Try it: The records below are to be output exactly, except for their pictures.

[Saved entries]

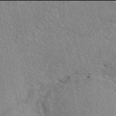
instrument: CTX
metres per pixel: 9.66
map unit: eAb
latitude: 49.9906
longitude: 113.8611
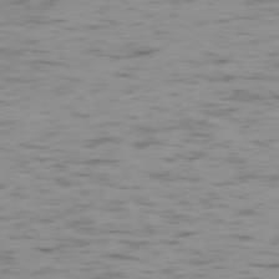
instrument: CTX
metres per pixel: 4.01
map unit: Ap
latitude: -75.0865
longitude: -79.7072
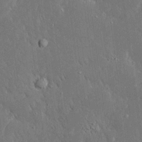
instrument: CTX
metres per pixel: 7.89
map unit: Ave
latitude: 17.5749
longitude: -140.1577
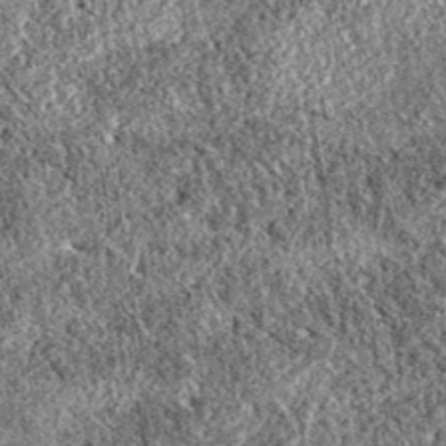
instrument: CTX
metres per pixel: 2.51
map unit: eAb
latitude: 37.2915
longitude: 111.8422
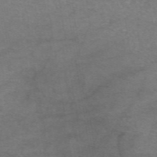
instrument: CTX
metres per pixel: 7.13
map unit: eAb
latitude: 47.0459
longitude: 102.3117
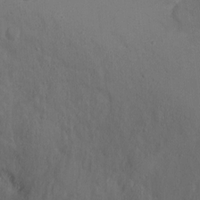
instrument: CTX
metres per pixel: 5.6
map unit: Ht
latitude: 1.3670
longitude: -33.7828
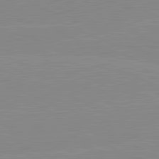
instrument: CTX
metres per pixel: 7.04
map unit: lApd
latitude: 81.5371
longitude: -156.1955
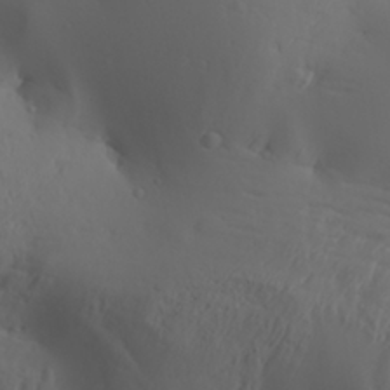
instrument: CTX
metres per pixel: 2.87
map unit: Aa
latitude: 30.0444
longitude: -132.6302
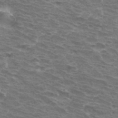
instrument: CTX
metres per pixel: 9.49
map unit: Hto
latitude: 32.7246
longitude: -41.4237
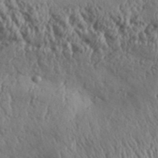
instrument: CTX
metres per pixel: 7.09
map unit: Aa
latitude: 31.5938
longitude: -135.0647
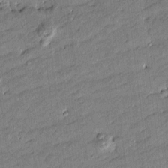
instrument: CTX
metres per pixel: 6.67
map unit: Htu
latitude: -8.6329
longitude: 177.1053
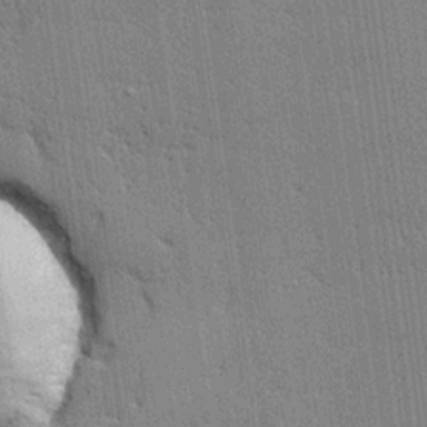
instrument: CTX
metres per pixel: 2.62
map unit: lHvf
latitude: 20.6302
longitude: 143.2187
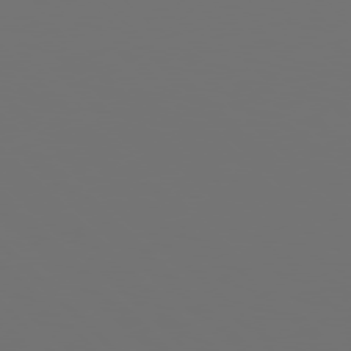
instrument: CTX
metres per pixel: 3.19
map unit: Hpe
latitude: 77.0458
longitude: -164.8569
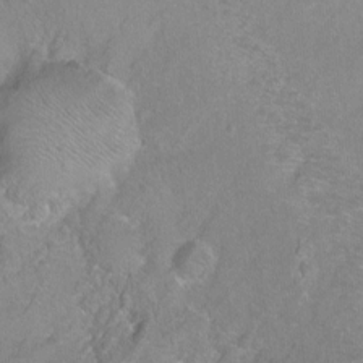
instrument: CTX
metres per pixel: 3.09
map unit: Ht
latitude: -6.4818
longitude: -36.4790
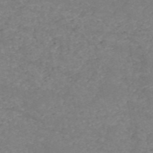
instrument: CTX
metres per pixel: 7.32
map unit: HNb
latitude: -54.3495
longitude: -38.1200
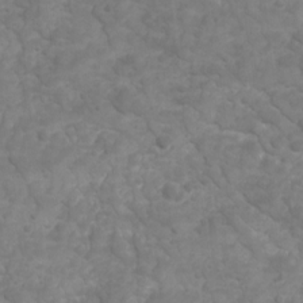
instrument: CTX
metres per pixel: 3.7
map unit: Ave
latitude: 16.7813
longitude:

Output of the task:
instrument: CTX
metres per pixel: 9.66
map unit: eAb
latitude: 49.9906
longitude: 113.8611
instrument: CTX
metres per pixel: 4.01
map unit: Ap
latitude: -75.0865
longitude: -79.7072
instrument: CTX
metres per pixel: 7.89
map unit: Ave
latitude: 17.5749
longitude: -140.1577
instrument: CTX
metres per pixel: 2.51
map unit: eAb
latitude: 37.2915
longitude: 111.8422
instrument: CTX
metres per pixel: 7.13
map unit: eAb
latitude: 47.0459
longitude: 102.3117
instrument: CTX
metres per pixel: 5.6
map unit: Ht
latitude: 1.3670
longitude: -33.7828
instrument: CTX
metres per pixel: 7.04
map unit: lApd
latitude: 81.5371
longitude: -156.1955
instrument: CTX
metres per pixel: 2.87
map unit: Aa
latitude: 30.0444
longitude: -132.6302
instrument: CTX
metres per pixel: 9.49
map unit: Hto
latitude: 32.7246
longitude: -41.4237
instrument: CTX
metres per pixel: 7.09
map unit: Aa
latitude: 31.5938
longitude: -135.0647
instrument: CTX
metres per pixel: 6.67
map unit: Htu
latitude: -8.6329
longitude: 177.1053
instrument: CTX
metres per pixel: 2.62
map unit: lHvf
latitude: 20.6302
longitude: 143.2187
instrument: CTX
metres per pixel: 3.19
map unit: Hpe
latitude: 77.0458
longitude: -164.8569
instrument: CTX
metres per pixel: 3.09
map unit: Ht
latitude: -6.4818
longitude: -36.4790
instrument: CTX
metres per pixel: 7.32
map unit: HNb
latitude: -54.3495
longitude: -38.1200
instrument: CTX
metres per pixel: 3.7
map unit: Ave
latitude: 16.7813
longitude:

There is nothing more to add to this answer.